● **Data supplied**
####################
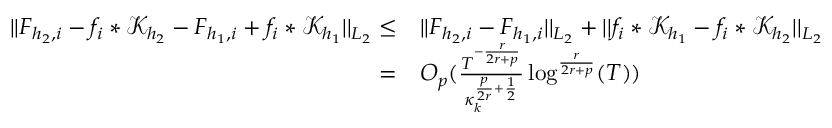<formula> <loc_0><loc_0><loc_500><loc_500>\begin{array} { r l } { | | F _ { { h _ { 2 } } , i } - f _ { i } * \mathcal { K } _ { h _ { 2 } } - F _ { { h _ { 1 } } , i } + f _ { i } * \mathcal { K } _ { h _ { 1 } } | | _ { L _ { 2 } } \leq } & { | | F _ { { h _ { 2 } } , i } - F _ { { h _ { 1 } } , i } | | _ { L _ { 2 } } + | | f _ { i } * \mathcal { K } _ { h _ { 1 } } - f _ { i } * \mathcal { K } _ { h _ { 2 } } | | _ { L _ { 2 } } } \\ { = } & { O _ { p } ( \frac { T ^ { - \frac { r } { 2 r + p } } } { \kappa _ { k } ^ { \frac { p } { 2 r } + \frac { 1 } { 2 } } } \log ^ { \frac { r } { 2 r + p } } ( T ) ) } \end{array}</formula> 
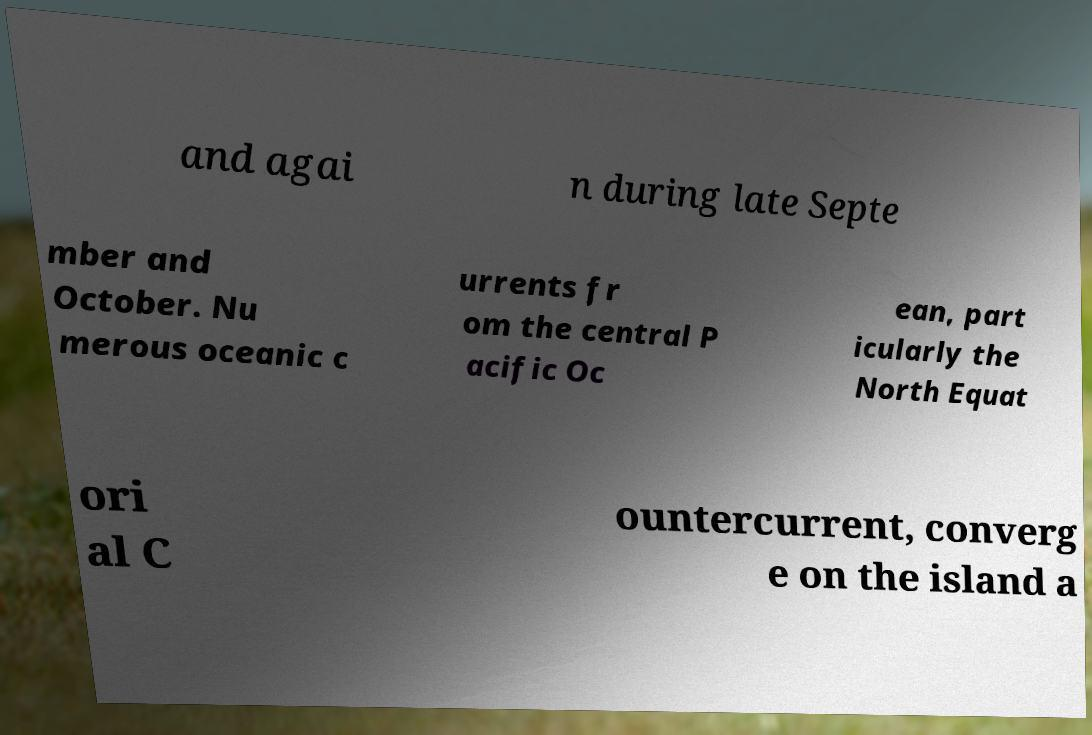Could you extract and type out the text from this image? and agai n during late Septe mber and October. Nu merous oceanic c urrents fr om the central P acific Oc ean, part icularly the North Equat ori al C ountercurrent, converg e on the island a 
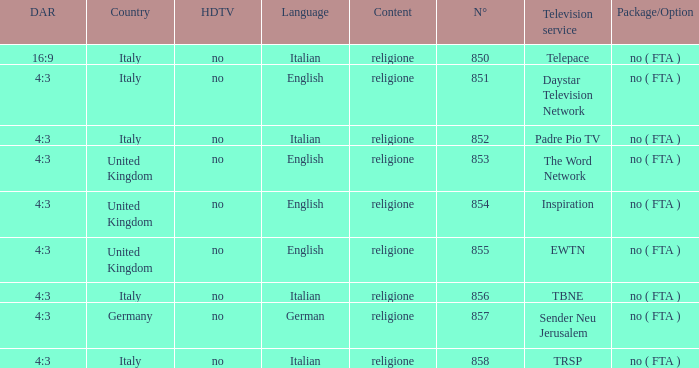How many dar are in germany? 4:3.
####################
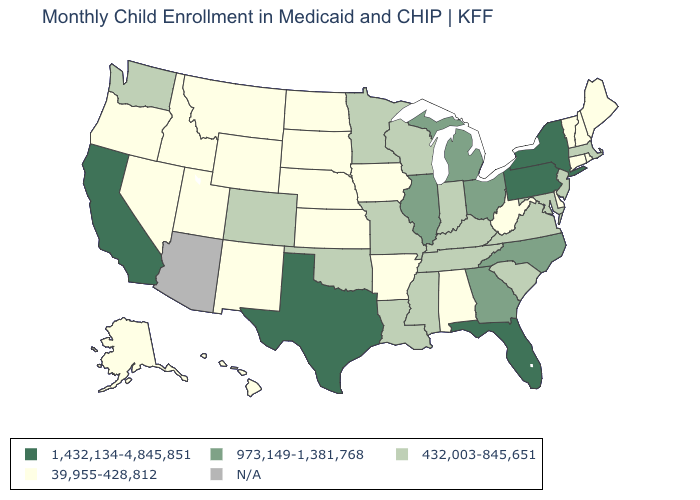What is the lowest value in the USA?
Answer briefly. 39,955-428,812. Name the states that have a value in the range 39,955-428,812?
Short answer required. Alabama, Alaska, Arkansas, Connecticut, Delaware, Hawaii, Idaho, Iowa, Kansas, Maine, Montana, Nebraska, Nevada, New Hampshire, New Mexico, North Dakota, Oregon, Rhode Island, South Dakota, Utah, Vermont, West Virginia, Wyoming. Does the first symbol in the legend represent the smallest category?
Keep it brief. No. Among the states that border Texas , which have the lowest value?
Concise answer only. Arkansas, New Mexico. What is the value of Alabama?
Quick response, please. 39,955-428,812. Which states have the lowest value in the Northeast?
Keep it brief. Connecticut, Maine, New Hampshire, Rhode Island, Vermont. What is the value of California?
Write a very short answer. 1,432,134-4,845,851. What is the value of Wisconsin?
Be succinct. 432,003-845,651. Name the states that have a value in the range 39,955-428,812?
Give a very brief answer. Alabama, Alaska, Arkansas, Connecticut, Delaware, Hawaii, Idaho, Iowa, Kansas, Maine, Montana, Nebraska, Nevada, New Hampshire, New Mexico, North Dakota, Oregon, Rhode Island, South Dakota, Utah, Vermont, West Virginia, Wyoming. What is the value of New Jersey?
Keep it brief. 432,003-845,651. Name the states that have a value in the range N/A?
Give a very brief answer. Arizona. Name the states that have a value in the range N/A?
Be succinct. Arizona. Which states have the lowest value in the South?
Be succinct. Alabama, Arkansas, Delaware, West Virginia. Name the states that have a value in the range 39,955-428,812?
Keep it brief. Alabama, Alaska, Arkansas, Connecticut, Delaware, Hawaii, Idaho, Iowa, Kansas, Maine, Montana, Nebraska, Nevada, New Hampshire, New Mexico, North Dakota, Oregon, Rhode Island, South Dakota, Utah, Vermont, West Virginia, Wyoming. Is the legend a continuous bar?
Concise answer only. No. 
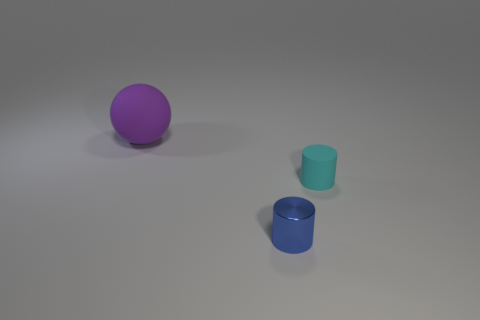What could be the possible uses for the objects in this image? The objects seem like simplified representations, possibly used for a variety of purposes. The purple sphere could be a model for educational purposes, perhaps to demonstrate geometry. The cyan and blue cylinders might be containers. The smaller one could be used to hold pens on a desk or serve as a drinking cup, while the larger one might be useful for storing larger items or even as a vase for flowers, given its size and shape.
####################
● **Prompt**
What you write out is the stretch of entries from the line containing "Quick response, please." to the line containing "What could be", word for word, with both end lines and no pictures.

● **Result of this task**
Quick response, please. 39,955-428,812. Which states have the lowest value in the Northeast?
Keep it brief. Connecticut, Maine, New Hampshire, Rhode Island, Vermont. What is the value of California?
Write a very short answer. 1,432,134-4,845,851. What is the value of Wisconsin?
Be succinct. 432,003-845,651. Name the states that have a value in the range 39,955-428,812?
Give a very brief answer. Alabama, Alaska, Arkansas, Connecticut, Delaware, Hawaii, Idaho, Iowa, Kansas, Maine, Montana, Nebraska, Nevada, New Hampshire, New Mexico, North Dakota, Oregon, Rhode Island, South Dakota, Utah, Vermont, West Virginia, Wyoming. What is the value of New Jersey?
Keep it brief. 432,003-845,651. Name the states that have a value in the range N/A?
Give a very brief answer. Arizona. Name the states that have a value in the range N/A?
Be succinct. Arizona. Which states have the lowest value in the South?
Be succinct. Alabama, Arkansas, Delaware, West Virginia. Name the states that have a value in the range 39,955-428,812?
Keep it brief. Alabama, Alaska, Arkansas, Connecticut, Delaware, Hawaii, Idaho, Iowa, Kansas, Maine, Montana, Nebraska, Nevada, New Hampshire, New Mexico, North Dakota, Oregon, Rhode Island, South Dakota, Utah, Vermont, West Virginia, Wyoming. Is the legend a continuous bar?
Concise answer only. No. 
What could be the possible uses for the objects in this image? The objects seem like simplified representations, possibly used for a variety of purposes. The purple sphere could be a model for educational purposes, perhaps to demonstrate geometry. The cyan and blue cylinders might be containers. The smaller one could be used to hold pens on a desk or serve as a drinking cup, while the larger one might be useful for storing larger items or even as a vase for flowers, given its size and shape.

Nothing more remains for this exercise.